(Beginning of TASK MATERIAL)

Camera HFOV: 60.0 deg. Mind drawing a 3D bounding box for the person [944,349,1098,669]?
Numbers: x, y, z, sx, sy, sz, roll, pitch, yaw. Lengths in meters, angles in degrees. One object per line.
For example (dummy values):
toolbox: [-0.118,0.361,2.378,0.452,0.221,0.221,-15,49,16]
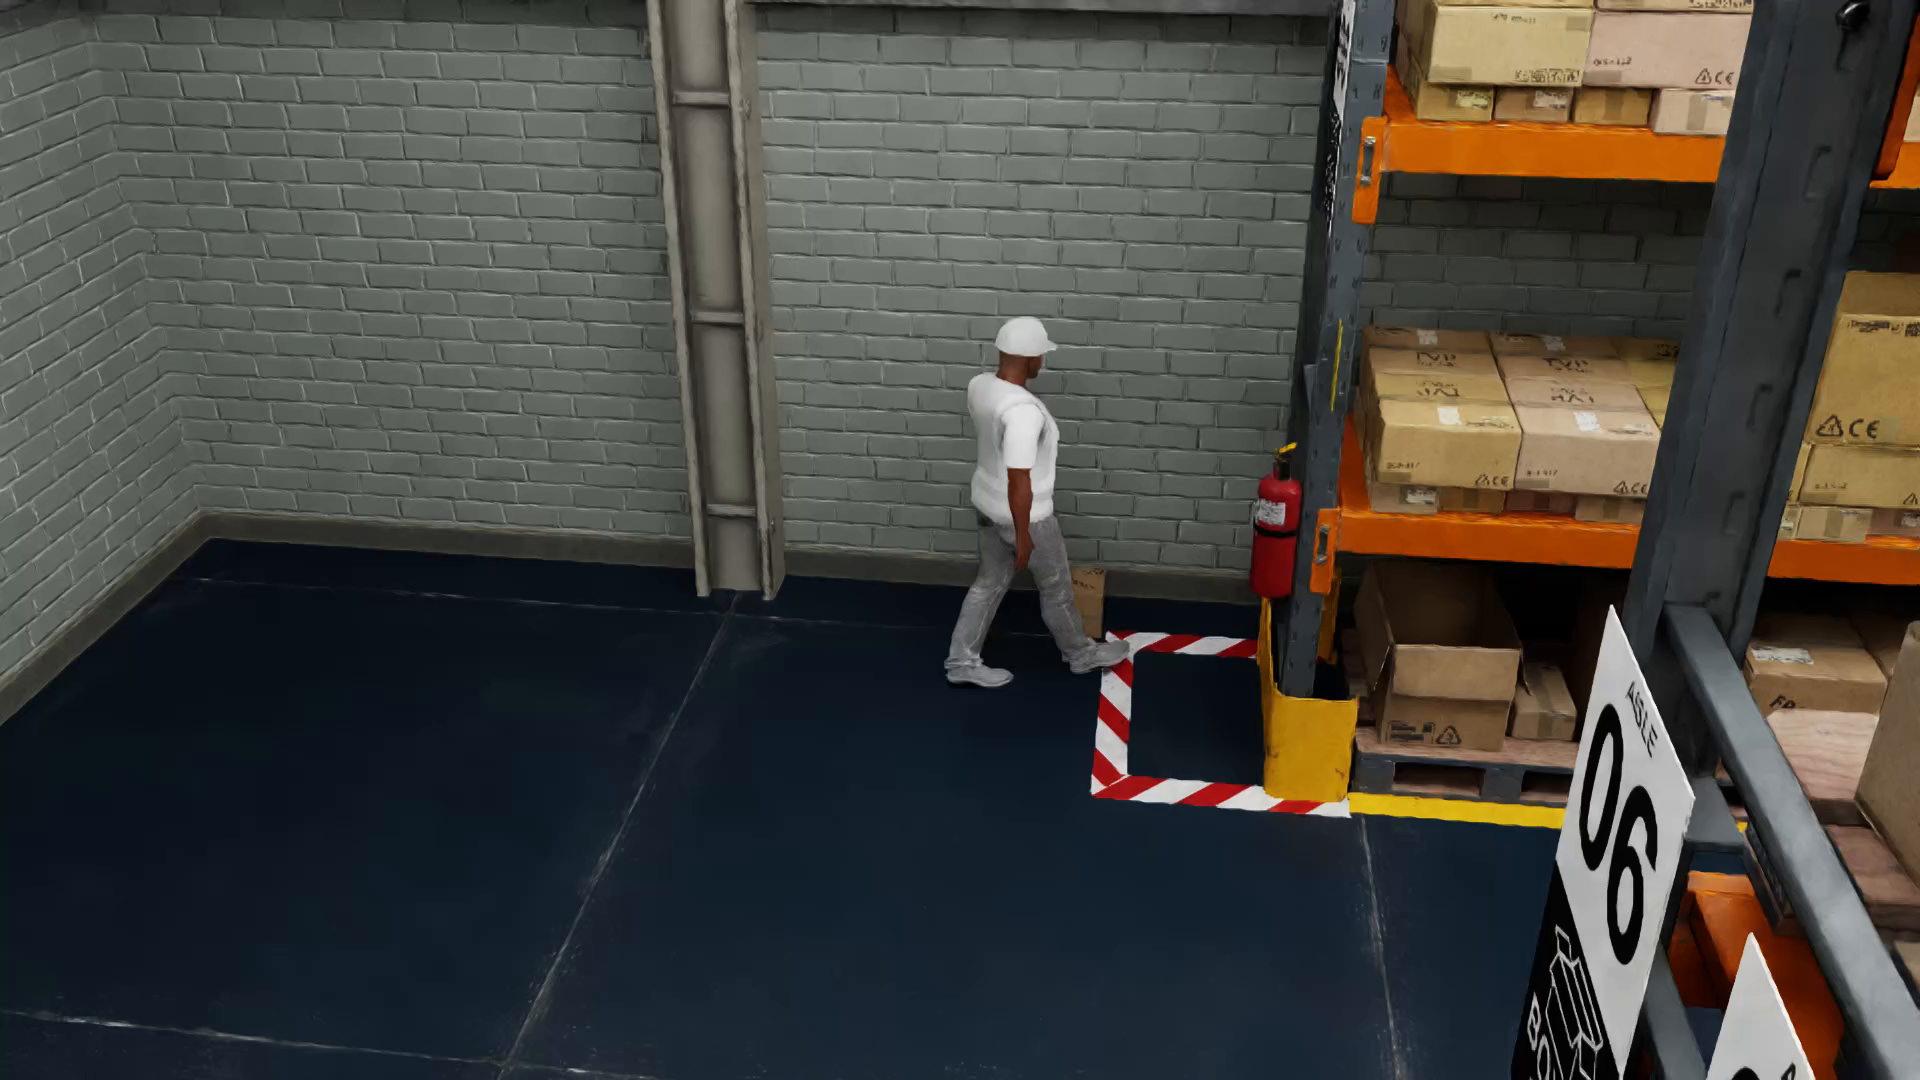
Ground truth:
person: [0.253,-0.170,7.382,0.692,1.637,0.603,-13,31,-22]
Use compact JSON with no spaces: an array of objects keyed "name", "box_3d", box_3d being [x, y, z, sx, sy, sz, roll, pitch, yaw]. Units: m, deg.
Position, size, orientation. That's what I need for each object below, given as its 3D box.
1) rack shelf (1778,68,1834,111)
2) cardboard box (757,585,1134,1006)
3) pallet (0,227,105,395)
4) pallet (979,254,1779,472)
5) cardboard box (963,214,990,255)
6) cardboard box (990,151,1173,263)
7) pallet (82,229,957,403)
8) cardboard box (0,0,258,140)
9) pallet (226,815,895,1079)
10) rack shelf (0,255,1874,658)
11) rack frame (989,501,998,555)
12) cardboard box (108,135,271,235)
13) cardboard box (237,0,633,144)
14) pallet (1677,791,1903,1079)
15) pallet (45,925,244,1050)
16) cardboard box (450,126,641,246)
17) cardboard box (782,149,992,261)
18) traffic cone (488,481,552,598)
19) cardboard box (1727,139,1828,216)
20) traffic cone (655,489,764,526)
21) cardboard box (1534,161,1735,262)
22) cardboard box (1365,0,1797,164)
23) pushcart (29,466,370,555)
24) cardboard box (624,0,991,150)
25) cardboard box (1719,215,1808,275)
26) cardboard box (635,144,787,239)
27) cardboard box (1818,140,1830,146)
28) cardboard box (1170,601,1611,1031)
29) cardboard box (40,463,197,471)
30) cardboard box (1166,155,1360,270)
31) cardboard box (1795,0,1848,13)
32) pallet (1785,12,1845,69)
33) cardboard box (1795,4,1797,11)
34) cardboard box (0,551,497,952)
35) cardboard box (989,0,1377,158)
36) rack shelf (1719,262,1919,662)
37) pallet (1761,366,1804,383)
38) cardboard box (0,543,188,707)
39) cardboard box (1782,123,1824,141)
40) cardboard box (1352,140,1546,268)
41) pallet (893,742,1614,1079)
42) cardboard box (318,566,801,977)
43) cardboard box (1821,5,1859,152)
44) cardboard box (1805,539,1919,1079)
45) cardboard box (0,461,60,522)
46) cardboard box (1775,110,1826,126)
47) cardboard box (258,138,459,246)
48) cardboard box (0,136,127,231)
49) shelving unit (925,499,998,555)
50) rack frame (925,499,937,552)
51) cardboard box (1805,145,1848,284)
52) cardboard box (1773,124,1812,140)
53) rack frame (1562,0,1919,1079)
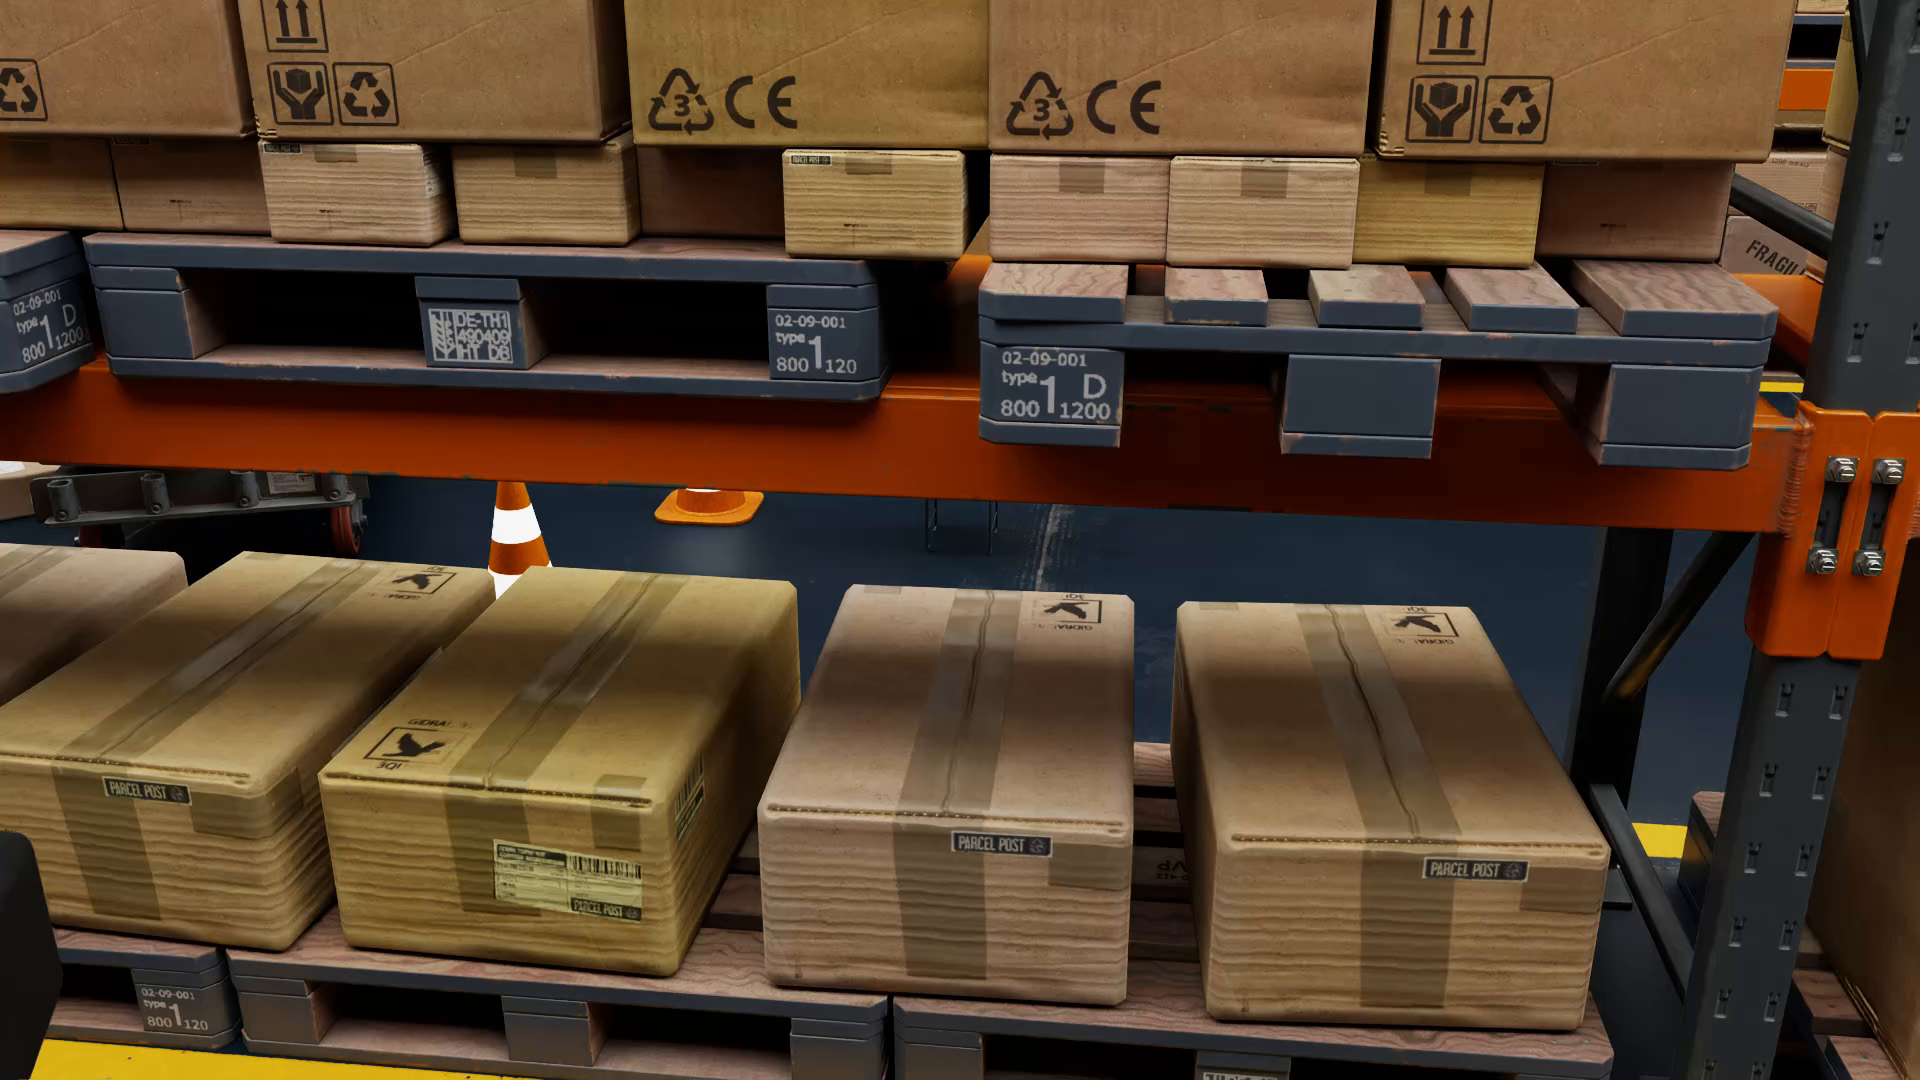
[{"name":"rack shelf","box_3d":[3.779,-1.912,7.176,4.000,0.370,1.077,2,22,6]},{"name":"cardboard box","box_3d":[0.017,0.448,3.230,0.625,0.372,0.950,2,22,5]},{"name":"pallet","box_3d":[-1.919,-0.520,2.935,1.213,0.211,1.003,2,22,6]},{"name":"pallet","box_3d":[0.591,-0.425,2.695,1.003,0.211,1.213,2,22,6]},{"name":"cardboard box","box_3d":[0.331,-1.578,7.841,0.750,0.750,1.050,3,22,7]},{"name":"cardboard box","box_3d":[0.179,-0.522,2.451,0.250,0.149,0.380,1,22,4]},{"name":"pallet","box_3d":[-0.660,-0.503,2.894,1.213,0.211,1.003,2,22,6]},{"name":"cardboard box","box_3d":[-1.242,-0.902,2.530,0.500,0.500,0.500,2,22,6]},{"name":"pallet","box_3d":[-0.673,0.687,3.416,1.213,0.211,1.003,2,22,6]},{"name":"rack shelf","box_3d":[-0.675,-0.274,3.031,4.000,0.370,1.077,2,22,6]},{"name":"rack frame","box_3d":[0.109,-0.414,5.262,0.006,0.900,0.240,2,22,6]},{"name":"cardboard box","box_3d":[-1.116,-0.598,2.643,0.250,0.149,0.380,3,22,7]},{"name":"cardboard box","box_3d":[-0.731,-0.884,2.484,0.500,0.500,0.500,2,22,4]},{"name":"pallet","box_3d":[2.085,0.836,3.037,1.213,0.211,1.003,2,22,6]},{"name":"pallet","box_3d":[-1.888,0.635,3.547,1.213,0.211,1.003,2,22,6]},{"name":"cardboard box","box_3d":[-0.590,-0.567,2.564,0.250,0.149,0.380,2,22,5]},{"name":"cardboard box","box_3d":[-0.096,-0.529,2.469,0.250,0.149,0.380,3,22,7]},{"name":"traffic cone","box_3d":[-1.265,0.027,4.741,0.334,0.463,0.336,2,22,6]},{"name":"cardboard box","box_3d":[3.443,-1.549,7.087,0.500,0.250,0.500,3,22,7]},{"name":"traffic cone","box_3d":[-0.859,-0.325,5.633,0.334,0.463,0.336,2,22,6]},{"name":"cardboard box","box_3d":[0.958,-0.529,2.468,0.250,0.149,0.380,3,22,8]},{"name":"cardboard box","box_3d":[0.827,-0.820,2.323,0.500,0.500,0.500,2,22,5]},{"name":"pushcart","box_3d":[-2.442,-0.310,5.711,0.936,0.377,1.648,-5,22,-12]},{"name":"cardboard box","box_3d":[-0.189,-0.860,2.423,0.500,0.500,0.500,1,22,3]},{"name":"cardboard box","box_3d":[3.476,-1.202,7.228,0.500,0.500,0.500,2,22,5]},{"name":"cardboard box","box_3d":[-0.331,-0.586,2.612,0.250,0.149,0.380,3,22,7]},{"name":"cardboard box","box_3d":[3.961,-1.527,7.031,0.500,0.250,0.500,2,22,4]},{"name":"cardboard box","box_3d":[0.751,0.477,3.157,0.625,0.372,0.950,1,22,3]},{"name":"cardboard box","box_3d":[-2.481,-0.536,5.085,0.500,0.500,0.500,2,22,6]},{"name":"cardboard box","box_3d":[0.428,-0.508,2.416,0.250,0.149,0.380,2,22,6]},{"name":"cardboard box","box_3d":[3.531,-2.262,6.853,0.250,0.149,0.380,3,22,7]},{"name":"pallet","box_3d":[3.764,-2.174,7.119,1.213,0.211,1.003,2,22,6]},{"name":"cardboard box","box_3d":[3.281,-2.274,6.883,0.250,0.149,0.380,3,22,8]},{"name":"cardboard box","box_3d":[-1.426,0.383,3.393,0.625,0.372,0.950,4,22,10]},{"name":"cardboard box","box_3d":[0.312,-0.839,2.369,0.500,0.500,0.500,2,22,5]},{"name":"rack shelf","box_3d":[3.297,-0.101,2.594,4.000,0.370,1.077,2,22,6]},{"name":"pallet","box_3d":[3.777,-0.949,7.553,1.213,0.211,1.003,2,22,6]},{"name":"cardboard box","box_3d":[-2.140,0.354,3.469,0.625,0.372,0.950,3,22,7]},{"name":"cardboard box","box_3d":[4.028,-1.716,7.510,0.500,0.250,0.500,3,22,8]},{"name":"cardboard box","box_3d":[0.683,-0.514,2.430,0.250,0.149,0.380,3,22,7]},{"name":"pallet","box_3d":[0.535,0.740,3.280,1.213,0.211,1.003,2,22,6]},{"name":"cardboard box","box_3d":[-0.735,0.413,3.319,0.625,0.372,0.950,3,22,8]},{"name":"cardboard box","box_3d":[1.822,-0.756,2.797,0.500,0.250,0.500,2,22,6]},{"name":"cardboard box","box_3d":[1.987,0.331,2.841,0.875,0.875,0.875,2,22,6]},{"name":"cardboard box","box_3d":[-3.218,-0.242,5.692,0.396,0.266,0.258,-14,25,-31]},{"name":"cardboard box","box_3d":[5.812,-3.195,11.759,0.875,0.875,1.225,3,22,6]},{"name":"cardboard box","box_3d":[-0.858,-0.568,2.566,0.250,0.149,0.380,3,22,8]},{"name":"cardboard box","box_3d":[-1.362,-0.609,2.672,0.250,0.149,0.380,3,22,7]},{"name":"shelving unit","box_3d":[0.008,-0.418,5.273,0.210,0.900,0.258,2,22,6]},{"name":"rack frame","box_3d":[-0.093,-0.423,5.285,0.006,0.900,0.240,2,22,6]},{"name":"cardboard box","box_3d":[1.844,-0.525,2.892,0.500,0.250,0.500,2,22,4]},{"name":"cardboard box","box_3d":[3.509,-1.736,7.559,0.500,0.250,0.500,3,22,8]},{"name":"rack frame","box_3d":[1.311,-0.522,2.680,0.127,3.000,1.000,2,22,6]}]

(End of TASK MATERIAL)

TASK TO CARRY OUT -
Above this instruction are the records; retype exactly the lines from the one containing "11) rack frame (989,501,998,555)" up to and including the one containing "47) cardboard box (258,138,459,246)".

YOUR SOLUTION -
11) rack frame (989,501,998,555)
12) cardboard box (108,135,271,235)
13) cardboard box (237,0,633,144)
14) pallet (1677,791,1903,1079)
15) pallet (45,925,244,1050)
16) cardboard box (450,126,641,246)
17) cardboard box (782,149,992,261)
18) traffic cone (488,481,552,598)
19) cardboard box (1727,139,1828,216)
20) traffic cone (655,489,764,526)
21) cardboard box (1534,161,1735,262)
22) cardboard box (1365,0,1797,164)
23) pushcart (29,466,370,555)
24) cardboard box (624,0,991,150)
25) cardboard box (1719,215,1808,275)
26) cardboard box (635,144,787,239)
27) cardboard box (1818,140,1830,146)
28) cardboard box (1170,601,1611,1031)
29) cardboard box (40,463,197,471)
30) cardboard box (1166,155,1360,270)
31) cardboard box (1795,0,1848,13)
32) pallet (1785,12,1845,69)
33) cardboard box (1795,4,1797,11)
34) cardboard box (0,551,497,952)
35) cardboard box (989,0,1377,158)
36) rack shelf (1719,262,1919,662)
37) pallet (1761,366,1804,383)
38) cardboard box (0,543,188,707)
39) cardboard box (1782,123,1824,141)
40) cardboard box (1352,140,1546,268)
41) pallet (893,742,1614,1079)
42) cardboard box (318,566,801,977)
43) cardboard box (1821,5,1859,152)
44) cardboard box (1805,539,1919,1079)
45) cardboard box (0,461,60,522)
46) cardboard box (1775,110,1826,126)
47) cardboard box (258,138,459,246)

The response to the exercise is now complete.